TI introduces you to a new way to train. It is based on a neurological perspective, that places the practice of swimming in the realm of how we would train for other highly technical sports and practices like martial arts, golf, tennis, dance, yoga, climbing, etc.

In swimming, just as in these other activities, it is not the most powerful swimmer who swims the best. Rather it is the  swimmer can apply ‘just enough’ power with perfect aim and timing who excels.  From this neurological perspective good swimming is 90% technique and 10% power, although if technique is under-developed a swimmer needs an enormous amount of power to compensate. This is where the TI mantra, “Swim Smarter, Not Harder” derives its meaning. Put your effort into training for precision (technique) and you will need far less power to go farther and faster than ever. For the amount of time most people have to spend in the pool, giving most of that time to technique training will give far better returns than doing mostly power (muscular) and cardio-vascular (metabolic) training, and it will last longer too- through aging and inevitable lapses in pool time… not to mention good technique prevents injury. And the necessary muscular and metabolic training for your swimming goals are naturally built into the process of smart neuro-muscular training.

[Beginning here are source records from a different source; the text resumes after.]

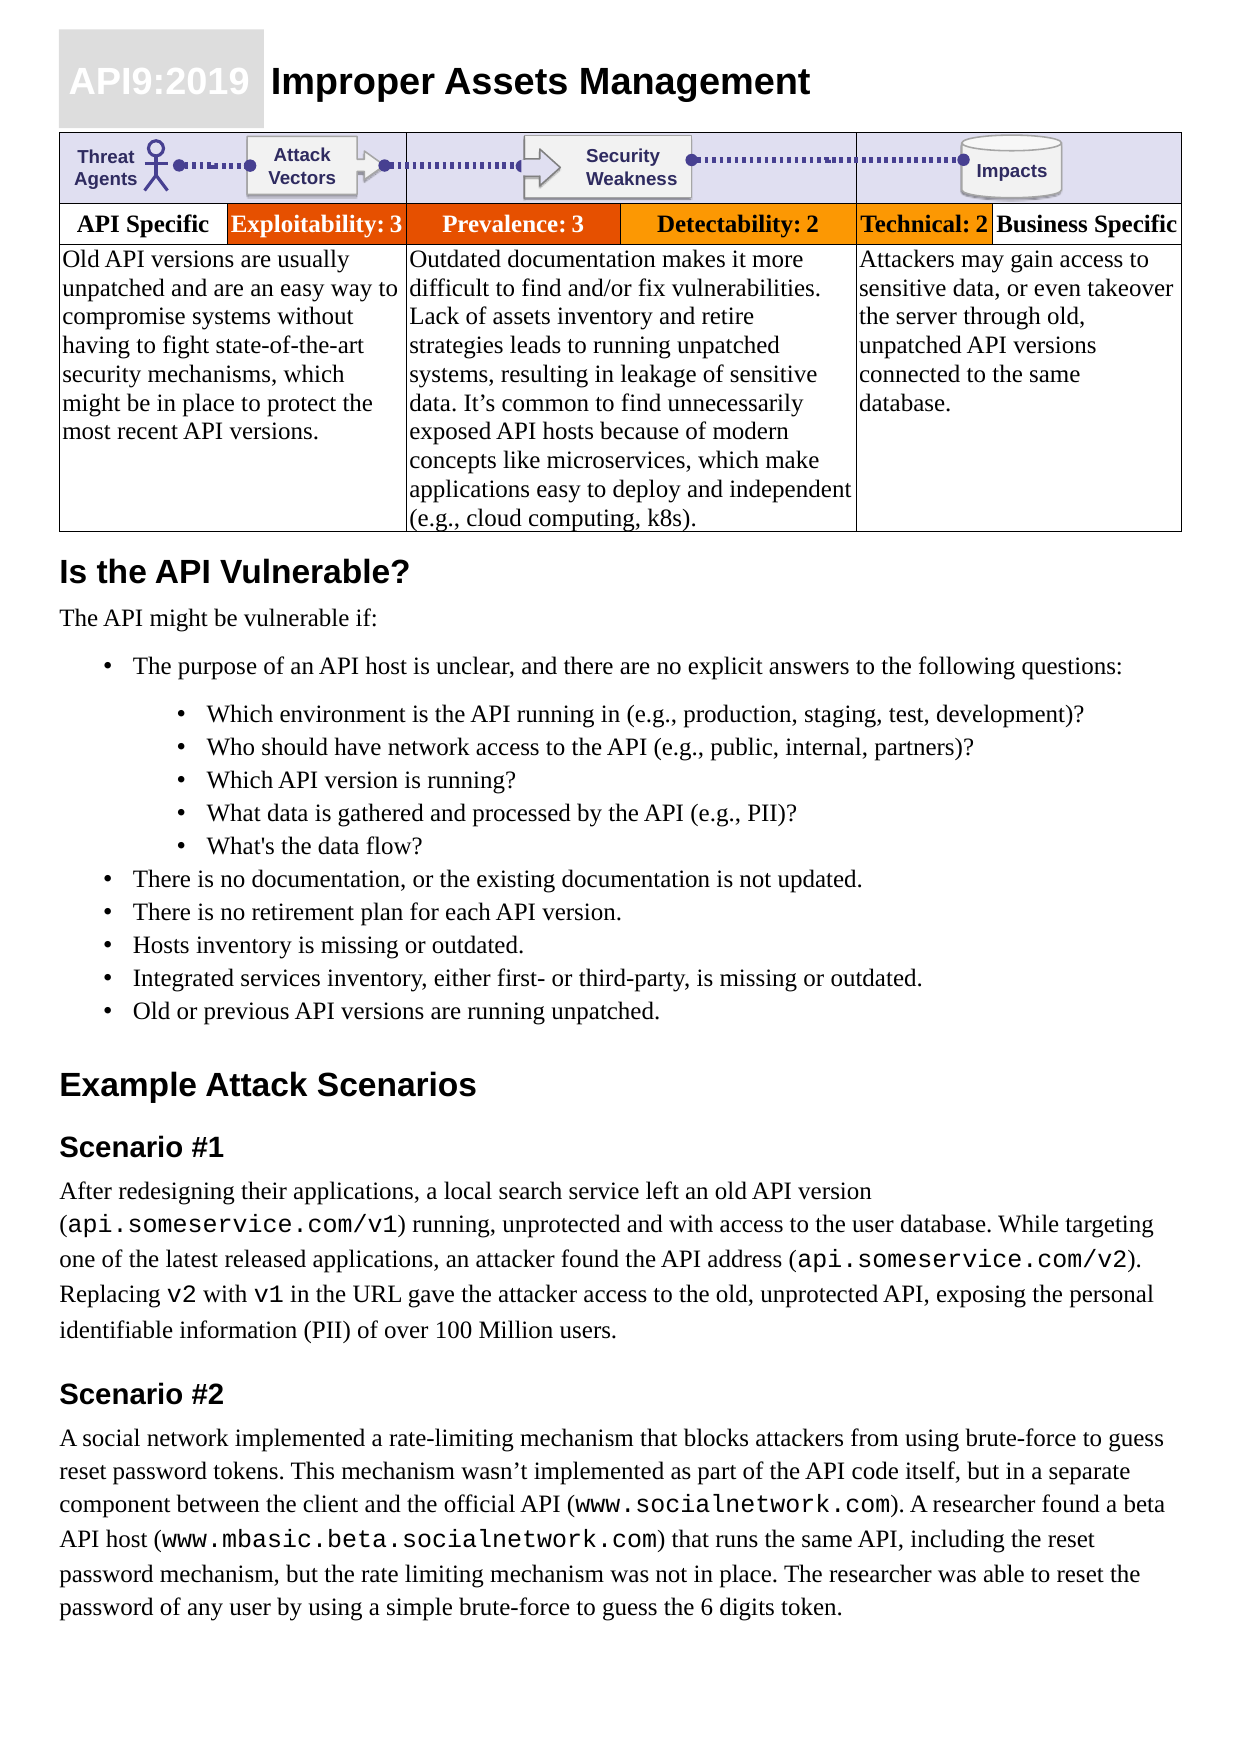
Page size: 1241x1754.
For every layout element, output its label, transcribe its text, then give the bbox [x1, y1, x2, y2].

table_cell Business Specific [993, 204, 1181, 244]
table_header [857, 133, 992, 203]
table_cell Prevalence: 3 [407, 204, 620, 244]
table_cell Technical: 2 [857, 204, 992, 244]
table_cell Detectability: 2 [621, 204, 856, 244]
list The purpose of an API host is unclear, and there are no explicit answers to the following questions: [103, 651, 1181, 680]
subtitle Scenario #1 [59, 1130, 1181, 1164]
table_cell API Specific [60, 204, 227, 244]
table_header [620, 133, 856, 203]
list Old or previous API versions are running unpatched. [103, 996, 1181, 1025]
table_cell Outdated documentation makes it more difficult to find and/or fix vulnerabilities. Lack of assets inventory and retire strategies leads to running unpatched systems, resulting in leakage of sensitive data. It’s common to find unnecessarily exposed API hosts because of modern concepts like microservices, which make applications easy to deploy and independent (e.g., cloud computing, k8s). [407, 245, 856, 531]
list Hosts inventory is missing or outdated. [103, 930, 1181, 959]
subtitle Example Attack Scenarios [59, 1064, 1181, 1103]
list What data is gathered and processed by the API (e.g., PII)? [177, 798, 1181, 827]
subtitle Is the API Vulnerable? [59, 552, 1181, 591]
list Which environment is the API running in (e.g., production, staging, test, development)? [177, 699, 1181, 727]
subtitle Scenario #2 [59, 1377, 1181, 1411]
list Integrated services inventory, either first- or third-party, is missing or outdated. [103, 963, 1181, 992]
text After redesigning their applications, a local search service left an old API version (api.someservice.com/v1) running, unprotected and with access to the user database. While targeting one of the latest released applications, an attacker found the API address (api.someservice.com/v2). Replacing v2 with v1 in the URL gave the attacker access to the old, unprotected API, exposing the personal identifiable information (PII) of over 100 Million users. [59, 1176, 1181, 1343]
list What's the data flow? [177, 831, 1181, 859]
text The API might be vulnerable if: [59, 603, 1181, 632]
table_header [407, 133, 620, 203]
list There is no documentation, or the existing documentation is not updated. [103, 864, 1181, 893]
table_cell Attackers may gain access to sensitive data, or even takeover the server through old, unpatched API versions connected to the same database. [857, 245, 1181, 531]
table_header [992, 133, 1181, 203]
table_cell Old API versions are usually unpatched and are an easy way to compromise systems without having to fight state-of-the-art security mechanisms, which might be in place to protect the most recent API versions. [60, 245, 406, 531]
table_header [60, 133, 227, 203]
table_cell Exploitability: 3 [228, 204, 406, 244]
list Which API version is running? [177, 765, 1181, 793]
list Who should have network access to the API (e.g., public, internal, partners)? [177, 732, 1181, 761]
table_header [227, 133, 406, 203]
text A social network implemented a rate-limiting mechanism that blocks attackers from using brute-force to guess reset password tokens. This mechanism wasn’t implemented as part of the API code itself, but in a separate component between the client and the official API (www.socialnetwork.com). A researcher found a beta API host (www.mbasic.beta.socialnetwork.com) that runs the same API, including the reset password mechanism, but the rate limiting mechanism was not in place. The researcher was able to reset the password of any user by using a simple brute-force to guess the 6 digits token. [59, 1423, 1181, 1621]
list There is no retirement plan for each API version. [103, 897, 1181, 926]

Here are some key principles for TI training at the beginning stages to properly prepare you for advanced performance training:

  1. Practice precision; never practice struggle. What is practiced is what will be perfected. When you reach a point in the drill where you are failing to achieve the focus point it is time to stop, rest, and start again, or move to a new focus point.
  2. Keep a single focus point on every length. Only add or combine focus points when one of them becomes ‘easy’ (meaning, it requires less effort to focus on and maintain) and you are ready to increase the challenge level a little. You may have several focus points you want to work on today, but at any one time just focus on one of them.
  3. Make small, gradual increases in difficulty and distance. Only make increases up to the point that you can hold good form. When form deteriates, step back and work towards that limit again. Pushing up to the limit is more effective than pushing over it.
  4. Smaller, higher quality sets are more productive than big sets that cause your focus and quality to deteriate and begin to practice struggle. Do short segments of practice on each focus point, either spending a few minutes on one, then switch to a new one, or cycle through several within the set.
  5. Use minimal kicking in the beginning stages of doing drills to make sure Balance is being improved, not avoided. The goal is not to finish the length, or get the set done, but to execute the movement as intended. We are perfecting our ability to control our movements, not get to the other side.
  6. Until breathing skills are well developed, practice skills between breathes then stop, and start again. Once interrupted or integrated breathing skills are developed, use them to do full pool-length drills.
  7. Slow it down. Practice precision before speed, and speed will follow. Neuro-muscular control is first developed in slow, careful movements. As precise movement is practiced frequently and consistently the nervous system will build up the circuits supporting it so that the movement will become easier, faster, and more powerful. Ease and speed in the water will come from a body that is well-trained to cut through it with fluid precision movements. The neuro-muscular foundation for high speed is first built in  slow work. This means giving yourself sufficient rest intervals during drill work so that you will be able to keep pushing your neuro-muscular limits without being pre-maturally fatigued by muscular and metabolic exhaustion within the practice time.  There is time for the latter kind of work once you establish some level of stroke control. Tthe power appropriate to your goal will be developed as your quickening neuro-muscular system draws you into more intense challenges. In other words, keep your heart rate in the aerobic range while building technique.